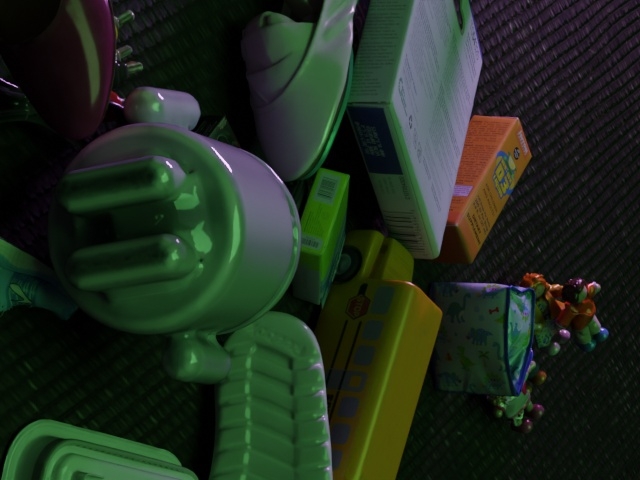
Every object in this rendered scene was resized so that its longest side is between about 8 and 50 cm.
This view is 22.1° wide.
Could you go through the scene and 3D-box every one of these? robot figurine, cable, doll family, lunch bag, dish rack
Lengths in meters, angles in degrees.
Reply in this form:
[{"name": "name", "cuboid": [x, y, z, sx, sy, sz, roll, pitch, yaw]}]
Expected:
[{"name": "robot figurine", "cuboid": [-0.137, -0.007, 1.620, 0.353, 0.199, 0.300, 15, 70, -74]}, {"name": "cable", "cuboid": [-0.283, -0.137, 1.597, 0.287, 0.072, 0.140, -18, 116, -41]}, {"name": "doll family", "cuboid": [0.297, 0.143, 2.386, 0.263, 0.118, 0.163, -49, 138, -19]}, {"name": "lunch bag", "cuboid": [0.219, 0.135, 2.234, 0.096, 0.128, 0.151, 11, 81, -54]}, {"name": "dish rack", "cuboid": [-0.225, 0.365, 1.665, 0.285, 0.072, 0.333, 26, 71, -53]}]

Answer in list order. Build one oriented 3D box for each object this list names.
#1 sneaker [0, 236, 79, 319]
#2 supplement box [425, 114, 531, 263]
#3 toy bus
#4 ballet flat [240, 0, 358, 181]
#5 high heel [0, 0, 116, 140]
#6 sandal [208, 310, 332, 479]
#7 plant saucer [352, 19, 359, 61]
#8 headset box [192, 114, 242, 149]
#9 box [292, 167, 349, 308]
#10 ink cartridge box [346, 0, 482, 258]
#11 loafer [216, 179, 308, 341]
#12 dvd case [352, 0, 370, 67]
[{"name": "sneaker", "cuboid": [-0.299, 0.043, 1.570, 0.162, 0.063, 0.073, 35, 82, -46]}, {"name": "supplement box", "cuboid": [0.210, -0.073, 2.259, 0.233, 0.080, 0.078, -59, 138, -38]}, {"name": "toy bus", "cuboid": [0.053, 0.154, 1.996, 0.108, 0.130, 0.333, 44, 57, -47]}, {"name": "ballet flat", "cuboid": [-0.024, -0.257, 1.898, 0.139, 0.139, 0.400, 46, 51, -46]}, {"name": "high heel", "cuboid": [-0.304, -0.263, 1.447, 0.181, 0.127, 0.377, -14, 81, -63]}, {"name": "sandal", "cuboid": [-0.061, 0.291, 1.856, 0.102, 0.169, 0.416, 114, -15, -79]}, {"name": "plant saucer", "cuboid": [0.014, -0.242, 2.014, 0.083, 0.013, 0.084, -14, 111, -40]}, {"name": "headset box", "cuboid": [-0.119, -0.095, 1.828, 0.062, 0.032, 0.083, -56, 135, -37]}, {"name": "box", "cuboid": [0.000, 0.000, 1.938, 0.178, 0.042, 0.109, 91, 16, -67]}, {"name": "ink cartridge box", "cuboid": [0.122, -0.200, 2.052, 0.324, 0.071, 0.330, 67, 30, -53]}, {"name": "loafer", "cuboid": [-0.078, 0.015, 1.860, 0.223, 0.076, 0.078, -58, 140, -29]}, {"name": "dvd case", "cuboid": [0.084, -0.263, 2.124, 0.164, 0.018, 0.221, -55, 133, -38]}]
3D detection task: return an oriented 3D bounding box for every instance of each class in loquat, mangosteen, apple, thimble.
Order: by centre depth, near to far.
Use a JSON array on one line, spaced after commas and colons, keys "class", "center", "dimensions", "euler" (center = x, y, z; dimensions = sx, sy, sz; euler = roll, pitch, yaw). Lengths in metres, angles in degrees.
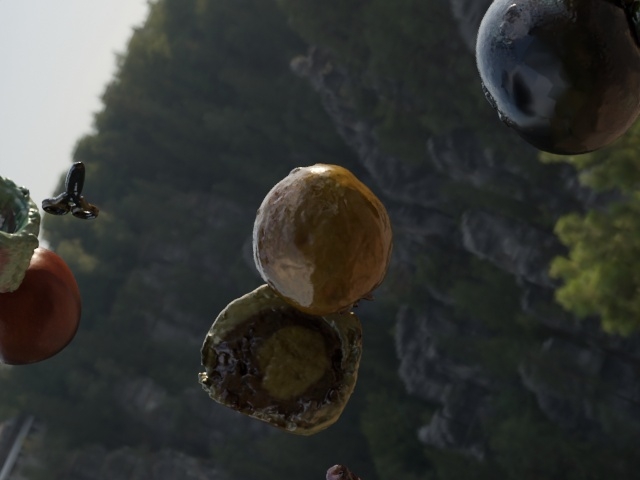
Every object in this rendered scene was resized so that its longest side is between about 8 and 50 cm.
[{"class": "loquat", "center": [0.000, 0.000, 1.630], "dimensions": [0.238, 0.238, 0.193], "euler": [-65, -16, 14]}, {"class": "mangosteen", "center": [0.419, -0.307, 1.760], "dimensions": [0.330, 0.330, 0.330], "euler": [-157, 90, -83]}, {"class": "thimble", "center": [-0.581, -0.011, 1.814], "dimensions": [0.185, 0.211, 0.149], "euler": [-32, -25, -56]}, {"class": "apple", "center": [-0.566, 0.123, 2.005], "dimensions": [0.218, 0.218, 0.201], "euler": [-76, -21, -54]}]

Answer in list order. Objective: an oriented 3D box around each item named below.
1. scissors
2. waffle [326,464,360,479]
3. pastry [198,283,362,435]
[{"class": "scissors", "center": [-0.365, -0.074, 1.557], "dimensions": [0.220, 0.088, 0.017], "euler": [134, 145, -66]}, {"class": "waffle", "center": [0.050, 0.426, 1.447], "dimensions": [0.234, 0.055, 0.221], "euler": [61, -161, -50]}, {"class": "pastry", "center": [-0.058, 0.204, 1.770], "dimensions": [0.170, 0.256, 0.236], "euler": [79, -147, -65]}]
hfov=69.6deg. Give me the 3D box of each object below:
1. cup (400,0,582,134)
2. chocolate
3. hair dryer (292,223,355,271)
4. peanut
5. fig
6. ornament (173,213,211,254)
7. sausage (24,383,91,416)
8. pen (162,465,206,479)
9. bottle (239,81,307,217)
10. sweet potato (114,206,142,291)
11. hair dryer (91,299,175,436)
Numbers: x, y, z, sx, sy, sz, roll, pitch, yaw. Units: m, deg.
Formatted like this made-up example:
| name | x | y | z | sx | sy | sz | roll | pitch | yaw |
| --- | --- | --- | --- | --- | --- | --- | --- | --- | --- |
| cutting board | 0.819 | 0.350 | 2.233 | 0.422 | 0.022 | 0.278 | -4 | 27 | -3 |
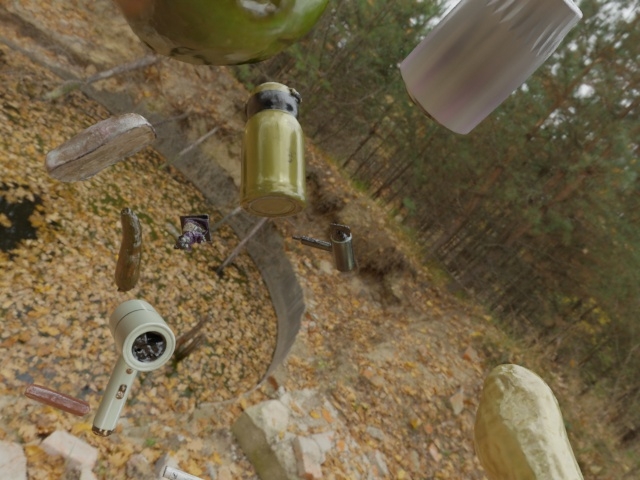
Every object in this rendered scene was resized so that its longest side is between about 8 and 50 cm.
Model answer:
| name | x | y | z | sx | sy | sz | roll | pitch | yaw |
| --- | --- | --- | --- | --- | --- | --- | --- | --- | --- |
| cup | 0.394 | -0.456 | 1.103 | 0.253 | 0.371 | 0.254 | 25 | 44 | -27 |
| chocolate | -0.626 | -0.272 | 1.308 | 0.101 | 0.303 | 0.185 | 57 | -8 | -5 |
| hair dryer | 0.000 | 0.000 | 1.655 | 0.248 | 0.078 | 0.196 | 13 | -43 | 24 |
| peanut | 0.326 | 0.352 | 0.728 | 0.147 | 0.147 | 0.319 | 34 | 38 | -32 |
| fig | -0.120 | -0.256 | 0.437 | 0.206 | 0.206 | 0.275 | 34 | -13 | -32 |
| ornament | -0.336 | -0.008 | 1.212 | 0.203 | 0.081 | 0.088 | -125 | -151 | -73 |
| sausage | -0.593 | 0.362 | 1.044 | 0.147 | 0.035 | 0.030 | 34 | 28 | -23 |
| pen | -0.268 | 0.569 | 1.066 | 0.204 | 0.025 | 0.025 | 27 | 17 | -11 |
| bottle | -0.124 | -0.246 | 1.206 | 0.171 | 0.171 | 0.352 | 24 | 58 | -53 |
| sweet potato | -0.561 | 0.029 | 1.356 | 0.075 | 0.274 | 0.075 | 12 | 21 | -5 |
| hair dryer | -0.506 | 0.349 | 1.186 | 0.128 | 0.362 | 0.203 | 22 | -1 | -36 |

== Required work ==
Reply with one number: the count of lines in the entries that include the word "Lengths".

== Exercise output ==
2